__TO DO__.
Find the string "pitch" in the data, then copy every line where it is found.

__DATA RECORDS__.
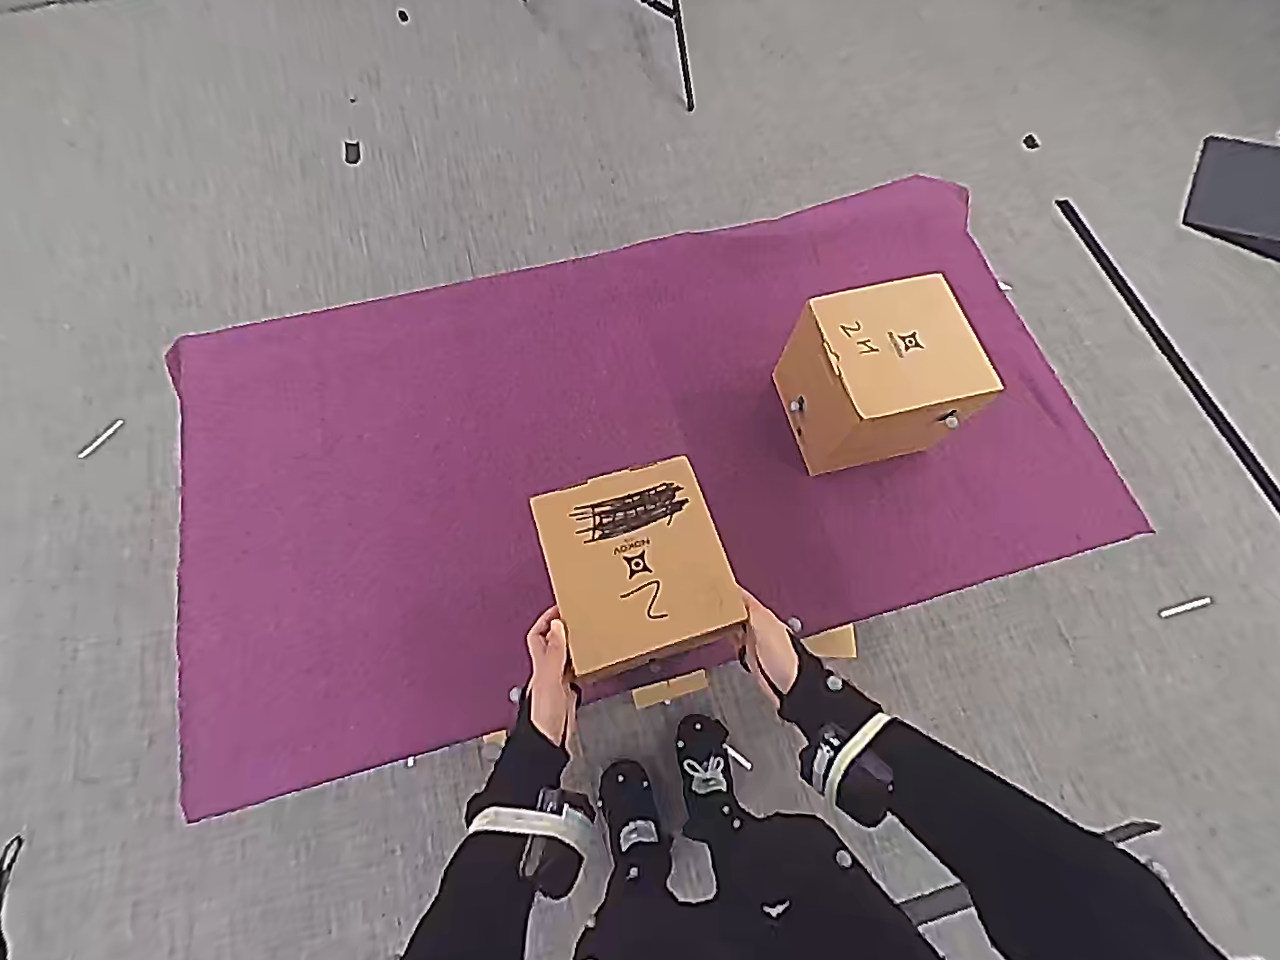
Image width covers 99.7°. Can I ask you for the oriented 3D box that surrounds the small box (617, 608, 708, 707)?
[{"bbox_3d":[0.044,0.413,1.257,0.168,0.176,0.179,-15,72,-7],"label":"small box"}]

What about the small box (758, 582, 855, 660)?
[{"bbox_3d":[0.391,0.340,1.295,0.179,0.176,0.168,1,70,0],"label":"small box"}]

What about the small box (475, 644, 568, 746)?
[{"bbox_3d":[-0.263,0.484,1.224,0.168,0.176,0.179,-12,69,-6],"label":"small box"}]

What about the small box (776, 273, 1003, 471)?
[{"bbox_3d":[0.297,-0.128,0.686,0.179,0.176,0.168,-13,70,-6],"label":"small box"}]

--

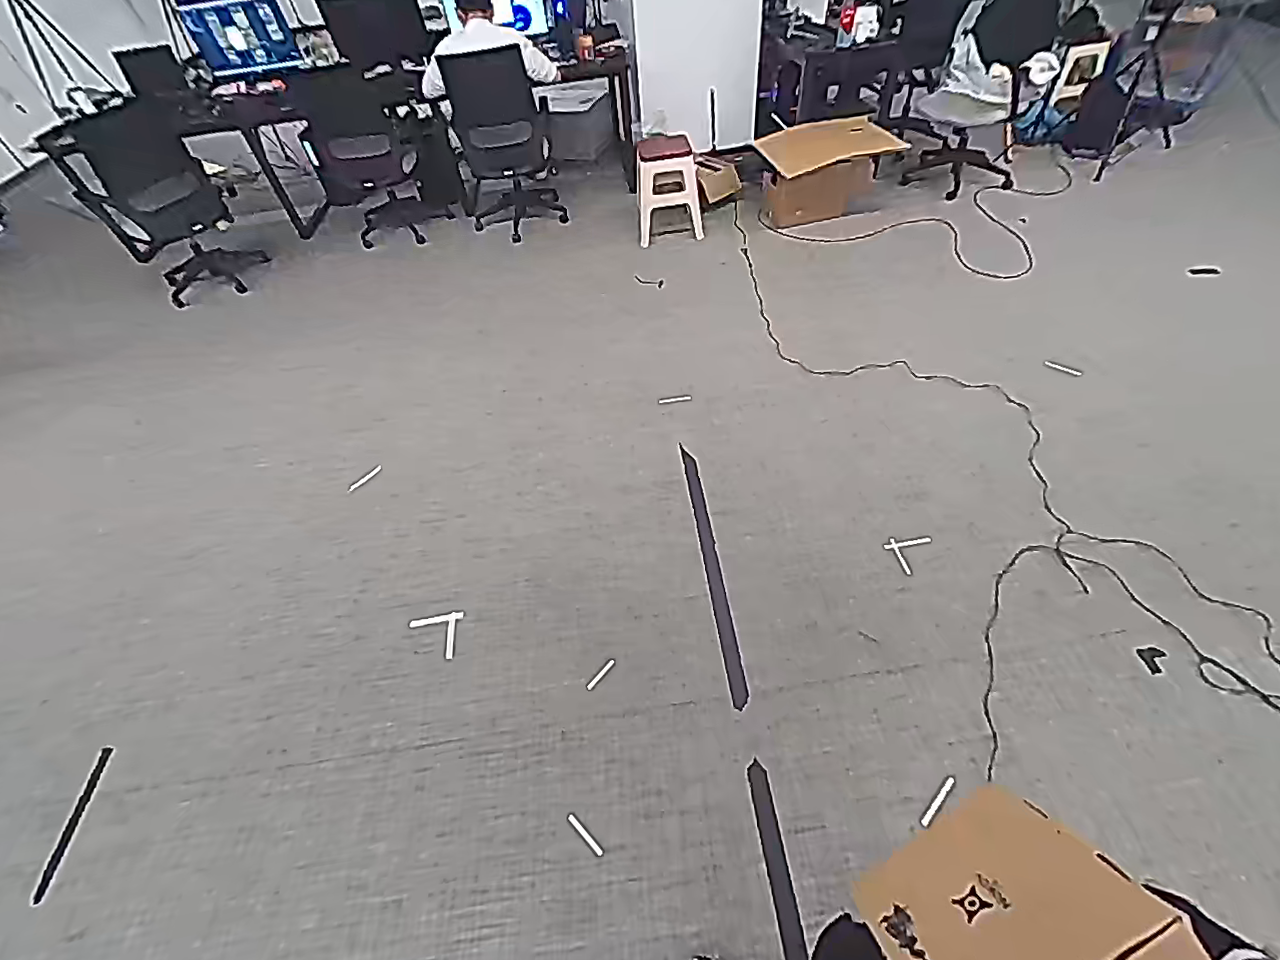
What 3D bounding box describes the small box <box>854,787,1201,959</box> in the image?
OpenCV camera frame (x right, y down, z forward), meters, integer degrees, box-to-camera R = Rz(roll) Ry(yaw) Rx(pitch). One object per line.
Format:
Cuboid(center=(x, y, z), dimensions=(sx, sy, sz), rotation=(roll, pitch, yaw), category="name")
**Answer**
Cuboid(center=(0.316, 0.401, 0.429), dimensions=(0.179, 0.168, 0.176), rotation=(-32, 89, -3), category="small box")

__SOLUTION TO THE PROBLEM__.
OpenCV camera frame (x right, y down, z forward), meters, integer degrees, box-to-camera R = Rz(roll) Ry(yaw) Rx(pitch). One object per line.
Cuboid(center=(x, y, z), dimensions=(sx, sy, sz), rotation=(roll, pitch, yaw), category="name")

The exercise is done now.